Jiyong pun kembali melanjutkan perjalanannya. Sedangkan dara tak habis menggerutu disepanjang perjalanannya menuju ruangan kelas hanbin.

“noona? Wehhh.… tadi hyung itu berkata jika kau adalah sekertarisnya tapi noona malah bertindak seperti tadi?” Hanbin menatapnya bingung namun dara masih dengan wajah kesalnya hanya menjitak kepala hanbin.

“yaaaa noona wehhhh? Mengapa kau jitak kepalaku? Aigooo… kau sehari ada disekolahku mungkin aku akan terus – menerus kau permalukan, ingat aku ini mempunyai banyak fans jadi noona harus bisa menjaga imageku dengan baik!” Gerutu hanbin mengusap bagian kepalanya yang tadi dara jitak.

“Oh yeahhhh?” Dara meliriknya kecut. “Sudah cepat tunjukan saja kelasmu!” Hanbin mengerucutkan bibirnya tapi tetap menuruti perintah dara.

setelah dara dan hanbin menemukan kelas yang mereka tuju tak lama hanbin pun mendapatkan raport sementaranya. Dara pamit dan segera meninggalkan sekolah hanbin, hanbin sendiri dia masih mempunyai urusan jadi terpaksa dara harus pulang sendiri.

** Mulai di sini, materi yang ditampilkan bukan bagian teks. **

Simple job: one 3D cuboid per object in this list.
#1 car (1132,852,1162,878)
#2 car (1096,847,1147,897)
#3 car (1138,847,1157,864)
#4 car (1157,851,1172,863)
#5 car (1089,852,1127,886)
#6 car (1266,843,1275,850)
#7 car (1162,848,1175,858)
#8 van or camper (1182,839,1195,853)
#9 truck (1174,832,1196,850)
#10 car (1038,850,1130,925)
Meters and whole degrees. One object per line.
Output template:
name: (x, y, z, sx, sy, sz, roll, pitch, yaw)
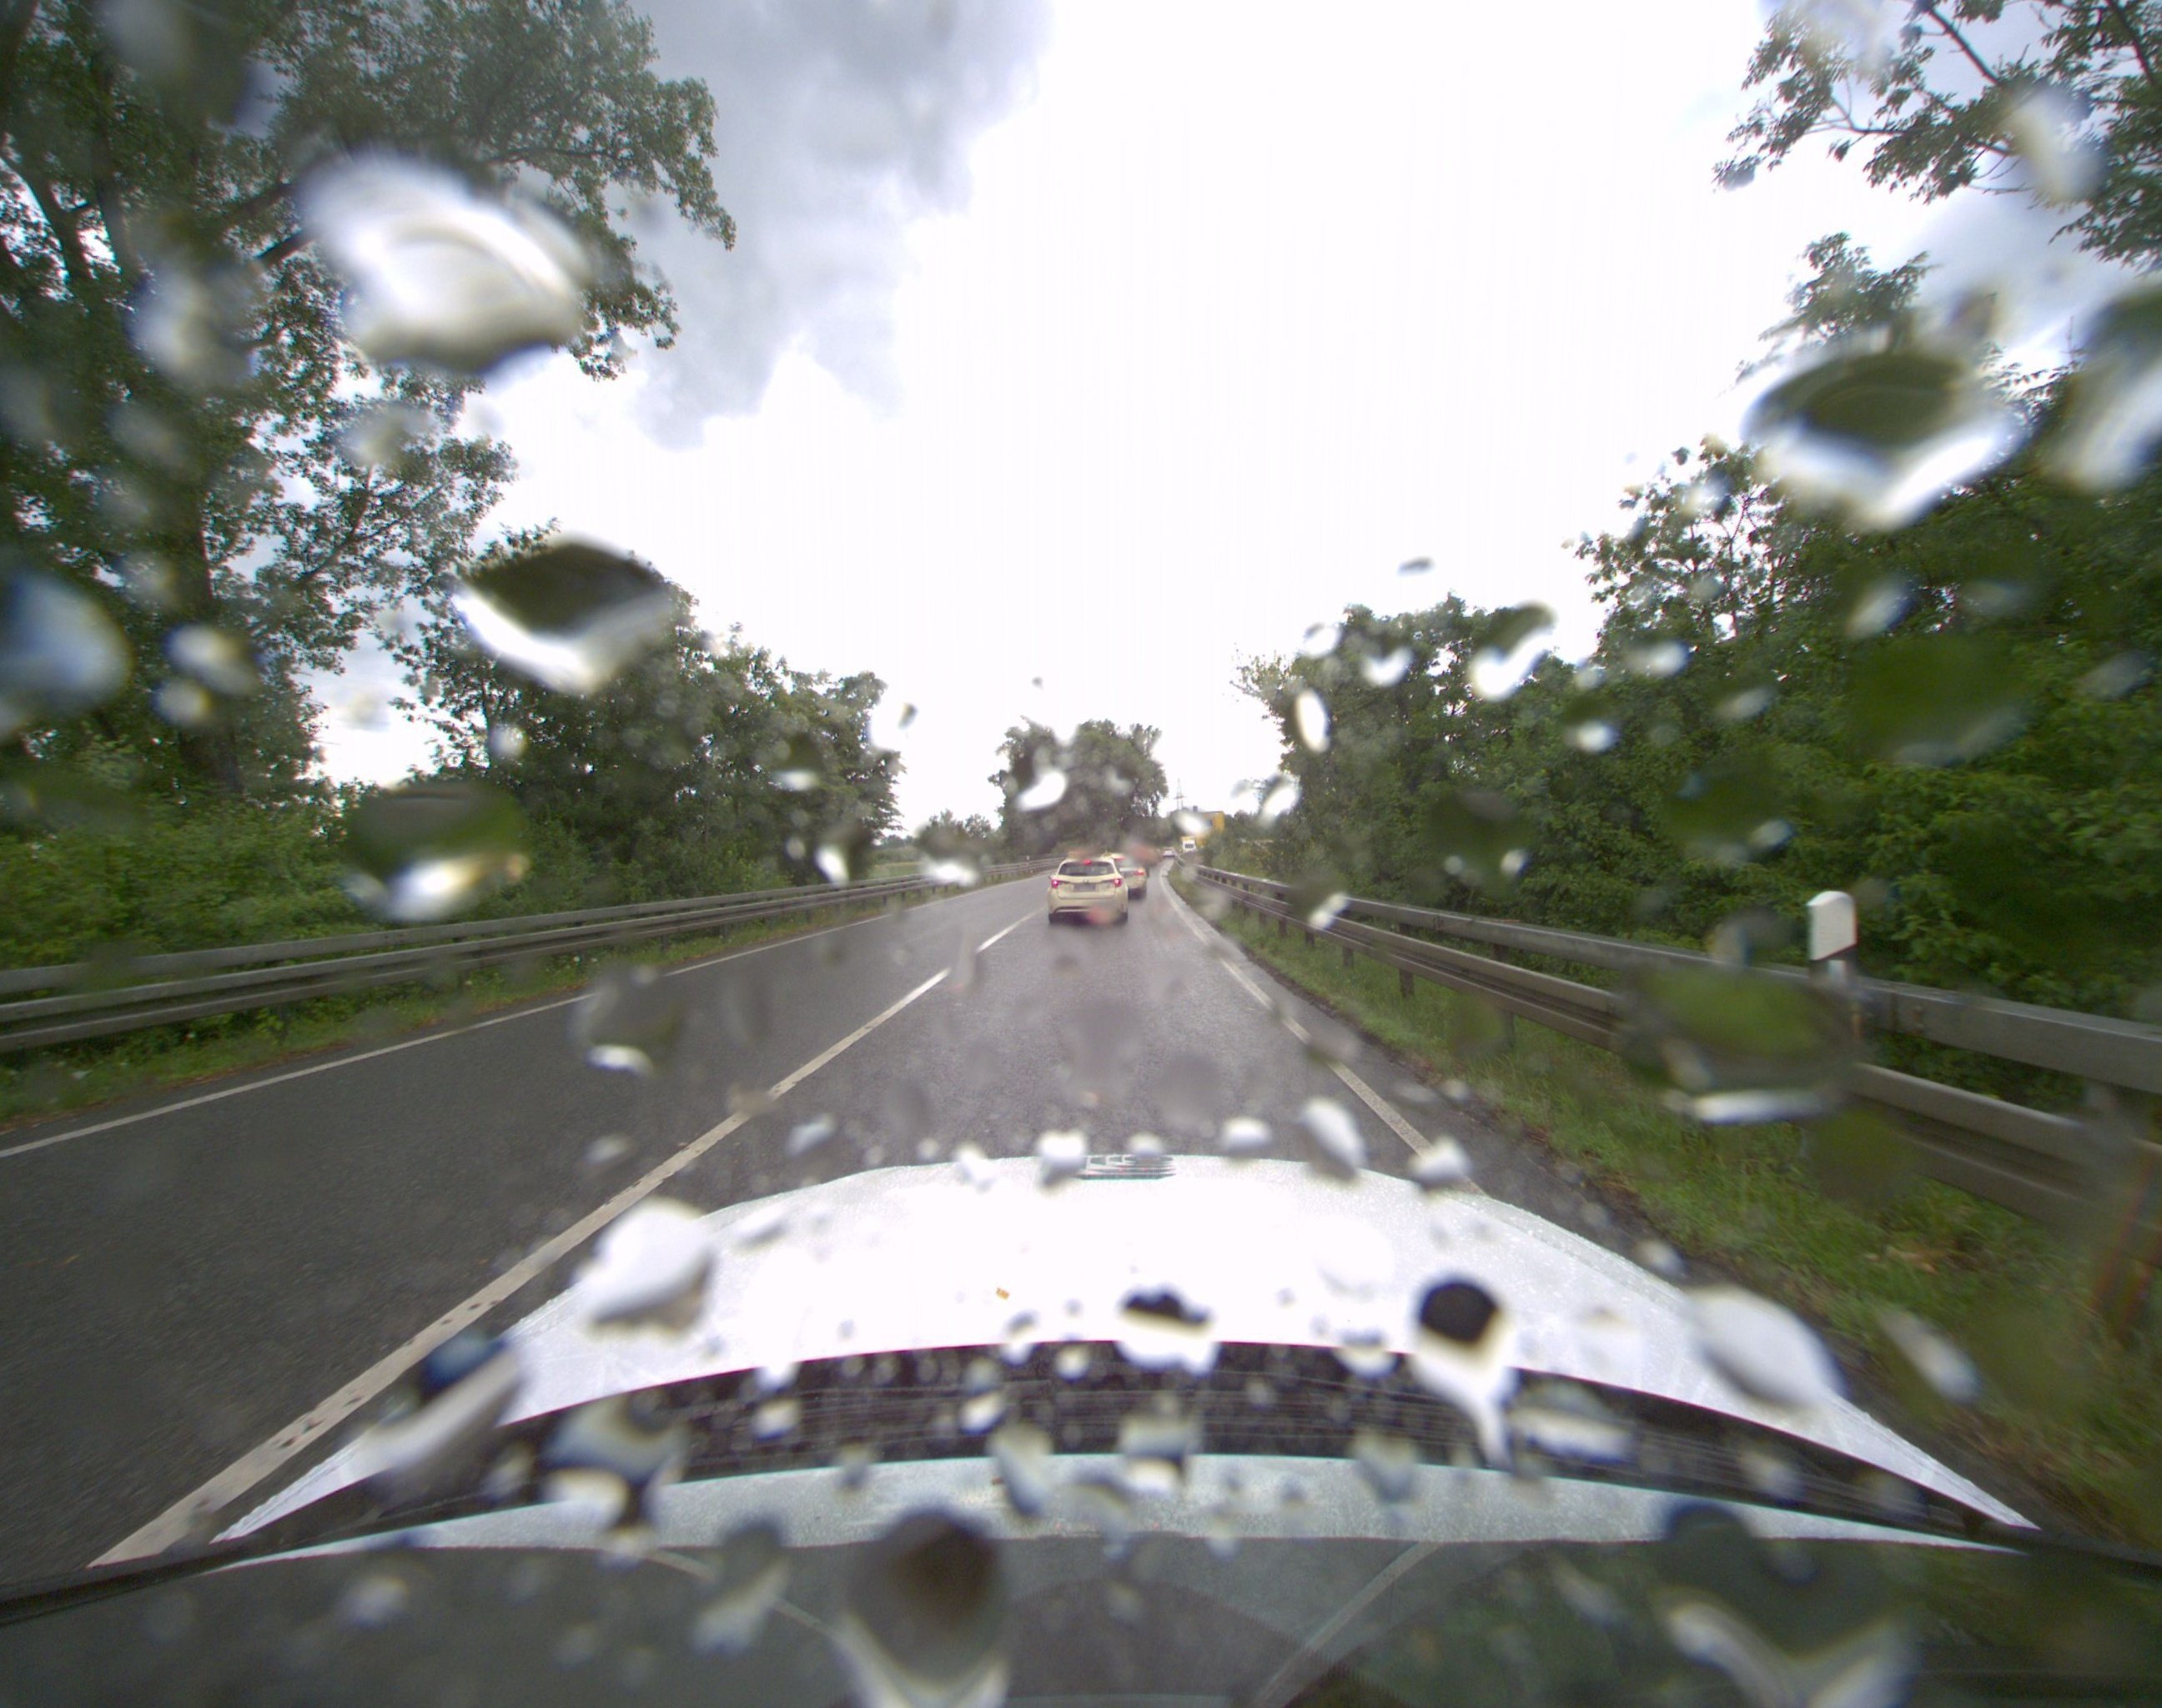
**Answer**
car: (3.899, 0.604, 48.593, 1.658, 1.464, 3.479, -1, 0, 2)
car: (1.433, 0.571, 27.803, 1.571, 1.572, 3.686, -1, 0, 5)
car: (5.975, 0.162, 73.063, 1.652, 1.409, 3.910, -1, -1, 5)
car: (9.425, 0.362, 91.749, 1.474, 1.309, 3.484, -1, 0, 7)
car: (1.270, 0.652, 37.176, 1.498, 1.437, 3.360, -1, 0, 5)
car: (50.531, -1.912, 217.295, 1.802, 1.838, 4.011, -1, 0, 23)
car: (11.691, -0.156, 108.523, 1.473, 1.309, 3.486, -1, 0, 9)
van or camper: (18.248, -1.268, 137.721, 1.981, 2.254, 4.011, -1, 0, 10)
truck: (20.993, -2.624, 163.713, 2.748, 3.428, 9.232, 1, 2, 18)
car: (0.185, 0.698, 19.219, 1.898, 1.537, 4.165, -1, 0, 3)

“Hmmm… sebaiknya malam ini aku pergi ke club saja! Lagipula kapan terakhir aku pergi kesana, ah… mungkin setahun yang lalu mengingat donghae yang selalu melarangku pergi minum!.… ” dara menghentikan perkataanya menyadari telah menyebut nama yang sudah dia hapus dalam hidupnya. “Hahhh… aigoo dara~ah kau masih saja mengingatnya!!” Lelah, dara berjalan agak lesu menuju mobilnya namun ekspresi wajahnya langsung berubah ketika melihat satu sosok tubuh laki – laki yang tentunya ia kenali bersandar dengan nyaman dimobilnya. Baru saja aku mengingatnya, kutuk dara menyesali perkataannya tadi.

Laki – laki itu tersenyum kepada dara seakan tidak ada sama sekali permasalahan yang terjadi diantara mereka.

Dara menegakan tubuhnya dan membusungkan dadanya menatap matanya seakan menantangnya. Saat jarak diantara mereka dekat dara memberanikan dirinya memalingkan wajahnya dan berjalan lurus kemobilnya, namun sebuah tangan menahannya saat dia akan membuka pintu mobil. Tangan ini … bukan lagi milikku, pikir dara seraya menghempaskannya.

“Dara… !” Suara ini, suara yang pernah mengisi hari – harinya dengan indah. Dalam waktu beberapa detik dara termenung mengingat suaranya yang dulu selalu saja mampu membuatnya bahagia.

“Baby…” saat kata itu keluar darinya dara menaikan tanganya seakan menahannya untuk melanjutkan apapun  kata yang akan keluar dari mulutnya. “Stopp… !” Rintih hati dara, dia tidak ingin tersakiti lagi walaupun jujur saja donghae masih menempati hatinya.

Dara kembali membuka pintu mobilnya berencana untuk secepatnya pergi dari hadapannya sebelum dia akan terhanyut dan kembali luluh oleh kata – katanya. Namun saat pintu mobilnya terbuka beberapa centi saja tangan itu kembali menahan dara dengan membanting pintu itu untuk tertutup, lalu dalam sekejap tubuh dara sudah ada dalam dekapannya.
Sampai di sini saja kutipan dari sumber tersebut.